NOTE: our paper uses a constant learning rate following LLaMAGen, but a cosine scheduler might be better. We are running experiments to verify this. Please stay tuned for an optimal default setting.

Where to Control the Logging and Checkpointing

We put these into the args option of the train_c2i.py script. Some important configurations are:

--wandb-offline: when debugging or using an offline machine, use this option to disable wandb remote syncing.
--log-every: the frequency of logging.
--ckpt-every: the frequency of saving checkpoints.
--visualize-every: the frequency of visualizing the generated images.
--keep-last-k: the number of checkpoints to keep.

4. Inference and Paralle Decoding

Given a trained model, such as 0.7B RandAR-XL, use the command like below to generate images. Some important configurations are:

--cfg-scales: we use linear classifier-free guidance (CFG) by default. Specify the smallest and largest scale for CFG like "1.0,4.0" below. If you want to disable linear CFG, you can set it to "4.0,4.0" for a constant scale.
--num-inference-steps: the number of inference steps, because we can use paralle decoding. For example, 256 steps means not using parallel decoding, while 88 steps means using parallel decoding.

Other than the above, you can also specify the following configurations:

--exp-name: the name of the experiment.
--gpt-ckpt: the path to the trained model checkpoint.
--vq-ckpt: the path to the pre-trained tokenizer.
--config: the path to the model config file.
--sample-dir: the path to save the generated images.

torchrun sample_c2i.py \
    --exp-name sample_randar_0.7b_llamagen_360k \
    --gpt-ckpt /tmp/ckpt.safetensors \
    --vq-ckpt /tmp/vq_ds16_c2i.pt \
    --config configs/randar/randar_xl_0.7b.yaml \
    --cfg-scales 1.0,4.0 \
    --sample-dir ./samples \
    --num-inference-steps 88

5. Evaluation

Given a trained model, find the best CFG scale for FID evaluation. For efficiency, we search the best CFG scale at 0.2 intervals (--cfg-scales-interval) between 2.0 and 8.0 (--cfg-scales-search) using 10k samples (--num-fid-samples-search), then use the best CFG scale for the final 50k samples (--num-fid-samples-final) FID evaluation. The results will be saved into --results-path as a json file.

Please prepare the reference ImageNet dataset in adavnce for --ref-path. I downloaded it from LLaMAGen, the $256\times 256$ reference for ImageNet is VIRTUAL_imagenet256_labeled.npz.

torchrun tools/search_cfg_weights.py \
    --config configs/randar/randar_l_0.3b.yaml \
    --exp-name randar_0.3b_360k_llamagen \
    --gpt-ckpt /tmp/randar_0.3b_llamagen_360k.safetensors \
    --vq-ckpt /tmp/vq_ds16_c2i.pt \
    --per-proc-batch-size 128 \
    --num-fid-samples-search 10000 \
    --num-fid-samples-final 50000 \
    --cfg-scales-interval 0.2 \
    --cfg-scales-search 2.0,8.0 \
    --results-path ./results \
    --ref-path /tmp/VIRTUAL_imagenet256_labeled.npz \
    --sample-dir /tmp \
    --num-inference-steps 88

6. Diverse Zero-shot Applications

Resolution Extrapolation

I know that this is one of the most interesting applications shown in RandAR. To try it out, just use the following command to generate $512\times 512$ images.
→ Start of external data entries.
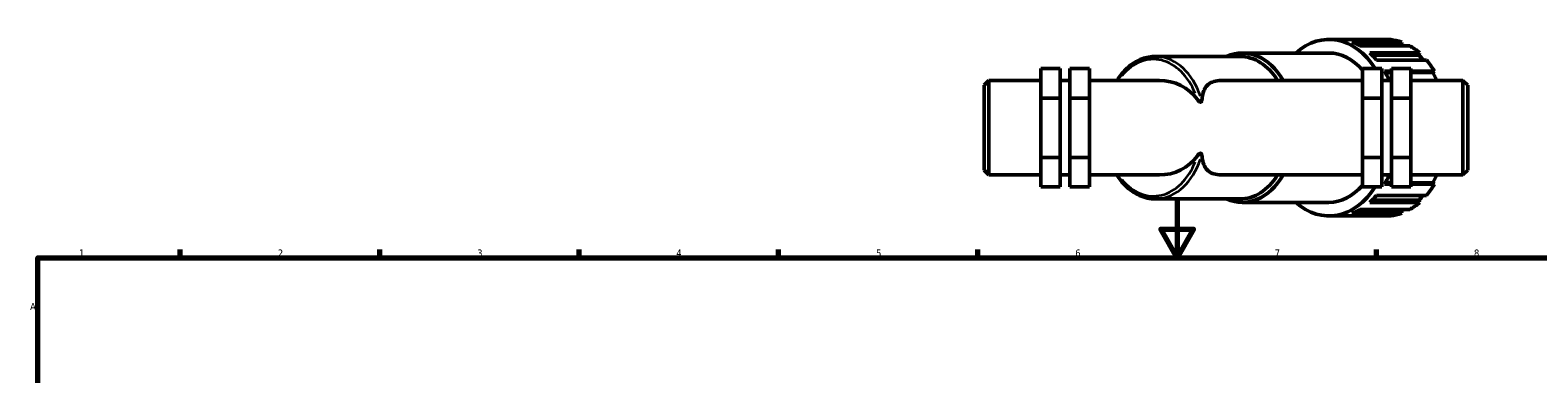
# Model space of a CAD drawing. Header units: millimetres. Extents: x 0 to 896, y 0 to 1066.
# Tile 5 of 7: x 17 to 547, y 533 to 654. Entities that reach past the tile are written whole.
import ezdxf

# ---------------------------------------------------------------- set-up
doc = ezdxf.new("R2010")
doc.units = ezdxf.units.MM
for name, color, linetype, lineweight in [('Border (ISO)', 7, 'Continuous', 70), ('Visible (ISO)', 7, 'Continuous', 50), ('Visible Narrow (ISO)', 7, 'Continuous', 35)]:
    doc.layers.add(name, color=color, linetype=linetype, lineweight=lineweight)
doc.styles.add('Note Text (ISO)', font='tahoma.ttf')

# ---------------------------------------------------------------- blocks, each defined once
blk = doc.blocks.new('Borders Default Border')
at = {"layer": 'Border (ISO)'}
for p, q in [((70.08, 574), (70.08, 576.9)), ((140.17, 574), (140.17, 576.9)), ((210.25, 574), (210.25, 576.9)), ((280.33, 574), (280.33, 576.9)), ((350.42, 574), (350.42, 576.9)), ((490.58, 574), (490.58, 576.9))]:
    blk.add_line(p, q, dxfattribs=at)
at = {"layer": 'Border (ISO)', "flags": 128}
for points in [[(420.5, 594), (420.5, 574), (414.73, 584), (426.27, 584), (420.5, 574)], [(20, 20), (20, 574), (821, 574), (821, 20), (20, 20)]]:
    blk.add_lwpolyline(points, dxfattribs=at)
at = {"layer": 'Border (ISO)', "color": 232, "true_color": 0xca0064, "char_height": 2.5, "attachment_point": 7, "style": 'Note Text (ISO)'}
for s, insert in [('1', (34.48, 574.4)), ('2', (104.37, 574.4)), ('3', (174.43, 574.35)), ('4', (244.42, 574.4)), ('6', (384.66, 574.35)), ('7', (454.77, 574.4)), ('5', (314.64, 574.35)), ('8', (524.81, 574.34)), ('A', (17.29, 555.62))]:
    blk.add_mtext(s, dxfattribs=dict(at, insert=insert))

msp = doc.modelspace()

# ---------------------------------------------------------------- linework, layer by layer
at = {"layer": 'Visible (ISO)'}
for p, q in [((473.836, 650.706), (476.534, 650.706)), ((495.572, 650.633), (478.033, 650.633)), ((481.868, 649.774), (499.407, 649.774)), ((499.203, 648.887), (483.931, 648.887)), ((502.258, 648.464), (484.719, 648.464)), ((499.407, 649.774), (499.203, 648.887)), ((412.824, 644.743), (442.555, 644.743)), ((443.398, 645.936), (473.836, 645.936)), ((488.178, 645.972), (505.717, 645.972)), ((505.329, 645.217), (488.988, 645.217)), ((508.142, 643.479), (490.603, 643.479)), ((505.717, 645.972), (505.329, 645.217)), ((352.617, 634.625), (354.317, 636.325)), ((354.317, 636.325), (354.317, 603.076)), ((354.317, 636.325), (372.617, 636.325)), ((372.617, 640.485), (379.417, 640.485)), ((372.617, 630.024), (372.617, 640.485)), ((379.417, 630.024), (379.417, 640.485)), ((379.417, 636.325), (382.817, 636.325)), ((382.817, 640.485), (382.817, 630.024)), ((382.817, 640.485), (389.617, 640.485)), ((389.617, 640.485), (389.617, 630.024)), ((389.617, 636.325), (414.237, 636.325)), ((436.483, 636.325), (485.617, 636.325)), ((492.417, 640.485), (485.617, 640.485)), ((485.617, 640.485), (485.617, 630.024)), ((492.417, 630.024), (492.417, 640.485)), ((492.417, 636.325), (495.817, 636.325)), ((493.348, 639.597), (495.817, 639.597)), ((495.817, 639.049), (493.665, 639.049)), ((495.817, 640.485), (495.817, 630.024)), ((502.617, 640.485), (495.817, 640.485)), ((502.617, 630.024), (502.617, 640.485)), ((502.617, 639.597), (510.887, 639.597)), ((510.354, 639.049), (502.617, 639.049)), ((502.617, 636.325), (520.917, 636.325)), ((510.887, 639.597), (510.354, 639.049)), ((520.917, 603.076), (520.917, 636.325)), ((522.617, 634.625), (520.917, 636.325)), ((352.617, 604.776), (352.617, 634.625)), ((522.617, 634.625), (522.617, 604.776)), ((372.617, 630.024), (379.417, 630.024)), ((372.617, 609.24), (372.617, 630.024)), ((379.417, 609.24), (379.417, 630.024)), ((382.817, 630.024), (382.817, 609.24)), ((382.817, 630.024), (389.617, 630.024)), ((389.617, 630.024), (389.617, 609.24)), ((492.417, 630.024), (485.617, 630.024)), ((485.617, 630.024), (485.617, 609.24)), ((492.417, 609.24), (492.417, 630.024)), ((495.817, 630.024), (495.817, 609.24)), ((502.617, 630.024), (495.817, 630.024)), ((502.617, 609.24), (502.617, 630.024)), ((352.617, 604.776), (354.317, 603.076)), ((372.617, 609.24), (379.417, 609.24)), ((372.617, 598.916), (372.617, 609.24)), ((379.417, 598.916), (379.417, 609.24)), ((382.817, 609.24), (382.817, 598.916)), ((382.817, 609.24), (389.617, 609.24)), ((389.617, 609.24), (389.617, 598.916)), ((492.417, 609.24), (485.617, 609.24)), ((485.617, 609.24), (485.617, 598.916)), ((492.417, 598.916), (492.417, 609.24)), ((495.817, 609.24), (495.817, 598.916)), ((502.617, 609.24), (495.817, 609.24)), ((502.617, 598.916), (502.617, 609.24)), ((522.617, 604.776), (520.917, 603.076)), ((354.317, 603.076), (372.617, 603.076)), ((372.617, 598.916), (379.417, 598.916)), ((379.417, 603.076), (382.817, 603.076)), ((382.817, 598.916), (389.617, 598.916)), ((389.617, 603.076), (414.237, 603.076)), ((436.483, 603.076), (485.617, 603.076)), ((492.417, 598.916), (485.617, 598.916)), ((492.417, 603.076), (495.817, 603.076)), ((495.817, 599.804), (493.348, 599.804)), ((495.817, 600.352), (493.665, 600.352)), ((502.617, 598.916), (495.817, 598.916)), ((502.617, 603.076), (520.917, 603.076)), ((510.354, 600.352), (502.617, 600.352)), ((510.887, 599.804), (502.617, 599.804)), ((510.354, 600.352), (510.887, 599.804)), ((412.824, 594.658), (442.555, 594.658)), ((505.329, 594.184), (488.988, 594.184)), ((490.603, 595.922), (508.142, 595.922)), ((505.329, 594.184), (505.717, 593.43)), ((443.398, 593.466), (473.836, 593.466)), ((473.836, 588.696), (476.534, 588.696)), ((478.033, 588.768), (495.572, 588.768)), ((499.407, 589.627), (481.868, 589.627)), ((499.203, 590.514), (483.931, 590.514)), ((484.719, 590.937), (502.258, 590.937)), ((505.717, 593.43), (488.178, 593.43)), ((499.203, 590.514), (499.407, 589.627))]:
    msp.add_line(p, q, dxfattribs=at)
for start, end in [(36.37388, 90), (270, 323.62612)]:
    msp.add_arc((414.237, 619.701), 16.625, start, end, dxfattribs=at)
for centre, major_axis, start_param, end_param in [((473.836, 619.701), (0, 31.005), 5.4470805, 6.8452551), ((443.398, 619.701), (0, 26.235), 5.3986853, 6.5858506), ((476.534, 619.701), (0, 31.005), 6.2147558, 6.2831853), ((476.534, 619.701), (0, 31.005), 5.9005966, 6.0374555), ((494.073, 619.701), (0, 31.005), 6.0374555, 6.2147558), ((494.073, 619.701), (0, 30.075), 5.9867817, 6.0395753), ((494.073, 619.701), (0, 31.005), 5.7232962, 5.9005966), ((442.555, 619.701), (0, 25.043), 5.438346, 6.2831853), ((473.836, 619.701), (0, 26.235), 5.5950797, 6.2831853), ((476.534, 619.701), (0, 31.005), 5.5864373, 5.7232962), ((494.073, 619.701), (0, -30.075), 2.4826707, 2.5838234), ((494.073, 619.701), (0, -31.005), 2.2675443, 2.4448447), ((476.534, 619.701), (0, 31.005), 5.2783032, 5.409137), ((494.073, 619.701), (0, -30.075), 2.1564819, 2.2696642), ((443.398, 619.701), (0, -26.235), 5.98052, 7.1676853), ((442.555, 619.701), (0, -25.043), 0, 0.8448393), ((473.836, 619.701), (0, -31.005), 5.7211155, 7.1192901), ((473.836, 619.701), (0, -26.235), 0, 0.6881056), ((476.534, 619.701), (0, 31.005), 4.015641, 4.1464748), ((494.073, 619.701), (0, -31.005), 0.696748, 0.8740483), ((494.073, 619.701), (0, -30.075), 0.8719285, 0.9851107), ((476.534, 619.701), (0, 31.005), 3.7014817, 3.8383406), ((494.073, 619.701), (0, -30.075), 0.5577692, 0.658922), ((476.534, 619.701), (0, -31.005), 0, 0.0684295), ((476.534, 619.701), (0, -31.005), 0.2457298, 0.3825887), ((494.073, 619.701), (0, -31.005), 0.0684295, 0.2457298), ((494.073, 619.701), (0, -30.075), 0.24361, 0.2964036), ((494.073, 619.701), (0, -31.005), 0.3825887, 0.5598891)]:
    msp.add_ellipse(centre, major_axis=major_axis, ratio=0.7071068, start_param=start_param, end_param=end_param, dxfattribs=at)
for points, knots in [([(399.347, 636.325), (400.38, 637.948), (401.57, 639.388), (404.489, 642.072), (406.282, 643.198), (409.682, 644.456), (411.253, 644.743), (412.824, 644.743)], [5.4454198, 5.4454198, 5.4454198, 5.4454198, 5.70671409, 5.70671409, 6.0271807, 6.0271807, 6.28318531, 6.28318531, 6.28318531, 6.28318531]), ([(436.483, 636.325), (435.619, 636.325), (434.76, 636.257), (433.186, 635.916), (432.47, 635.642), (431.26, 634.842), (430.762, 634.314), (429.984, 633.012), (429.702, 632.238), (429.35, 630.783), (429.237, 630.122), (429.148, 629.408)], [7.1163043, 7.1163043, 7.1163043, 7.1163043, 7.4831297, 7.4831297, 7.8499551, 7.8499551, 8.2167805, 8.2167805, 8.5836059, 8.5836059, 8.8388976, 8.8388976, 8.8388976, 8.8388976]), ([(429.148, 629.408), (429.128, 629.247), (429.091, 629.105), (429.007, 628.929), (428.968, 628.866), (428.885, 628.782), (428.847, 628.754), (428.768, 628.719), (428.731, 628.709), (428.651, 628.703), (428.61, 628.707), (428.511, 628.728), (428.454, 628.752), (428.298, 628.835), (428.2, 628.914), (427.955, 629.139), (427.788, 629.335), (427.623, 629.56)], [0, 0, 0, 0, 0.05949785, 0.05949785, 0.09184418, 0.09184418, 0.11161397, 0.11161397, 0.12725941, 0.12725941, 0.14339886, 0.14339886, 0.16702482, 0.16702482, 0.21457763, 0.21457763, 0.30647533, 0.30647533, 0.30647533, 0.30647533]), ([(427.623, 609.841), (427.679, 609.917), (427.734, 609.99), (427.895, 610.186), (428.057, 610.373), (428.305, 610.565), (428.383, 610.617), (428.517, 610.673), (428.572, 610.69), (428.67, 610.698), (428.71, 610.696), (428.787, 610.676), (428.821, 610.66), (428.892, 610.614), (428.926, 610.58), (429.005, 610.48), (429.042, 610.404), (429.11, 610.223), (429.134, 610.105), (429.148, 609.993)], [1.032917, 1.032917, 1.032917, 1.032917, 1.07243091, 1.07243091, 1.14732248, 1.14732248, 1.1755978, 1.1755978, 1.19298895, 1.19298895, 1.20542384, 1.20542384, 1.21727392, 1.21727392, 1.23284459, 1.23284459, 1.26071086, 1.26071086, 1.30211483, 1.30211483, 1.30211483, 1.30211483]), ([(429.148, 609.993), (429.237, 609.279), (429.35, 608.618), (429.702, 607.163), (429.984, 606.389), (430.762, 605.087), (431.26, 604.559), (432.47, 603.759), (433.186, 603.485), (434.76, 603.144), (435.619, 603.076), (436.483, 603.076)], [-1.7225933, -1.7225933, -1.7225933, -1.7225933, -1.4673016, -1.4673016, -1.1004762, -1.1004762, -0.7336508, -0.7336508, -0.3668254, -0.3668254, 0, 0, 0, 0]), ([(412.824, 594.658), (410.934, 594.658), (409.045, 595.075), (405.445, 596.694), (403.737, 597.909), (401.165, 600.514), (400.202, 601.732), (399.347, 603.076)], [3.14159265, 3.14159265, 3.14159265, 3.14159265, 3.44955028, 3.44955028, 3.76303797, 3.76303797, 3.97935816, 3.97935816, 3.97935816, 3.97935816])]:
    msp.add_open_spline(points, degree=3, knots=knots, dxfattribs=at)
at = {"layer": 'Visible Narrow (ISO)'}
for centre, major_axis, start_param, end_param in [((412.117, 619.701), (0, 24.043), 5.2327008, 6.992692), ((412.824, 619.701), (0, 25.043), 5.1690781, 6.2245481), ((412.117, 619.701), (0, -24.043), 5.5736786, 7.3336698), ((412.824, 619.701), (0, -25.043), 0.0586372, 1.1141073)]:
    msp.add_ellipse(centre, major_axis=major_axis, ratio=0.7071068, start_param=start_param, end_param=end_param, dxfattribs=at)

# ---------------------------------------------------------------- block references
msp.add_blockref('Borders Default Border', (0, 0))

doc.saveas('drawing.dxf')

torchrun tools/search_cfg_weights.py \
    --config configs/randar/randar_xl_0.7b.yaml \
    --exp-name randar_0.7b_360k_llamagen_resolution_extrapolation \
    --gpt-ckpt /tmp/randar_0.7b_llamagen_360k.safetensors \
    --vq-ckpt /tmp/vq_ds16_c2i.pt \
    --per-proc-batch-size 8 \
    --cfg-scales 3.0,3.0 \
    --spatial-cfg-scales 2.5,2.5 \
    --num-inference-steps 1024 \
    --debug

Since I am re-training the model, I found the behaviors of the existing checkpoints are not as stable as the ones used in the paper, probably due to a different learning rate schedule and break points during the training. I am trying to train a model following the original paper's settings. But I hope the current implementations can give everyone a good sense about our algorithms.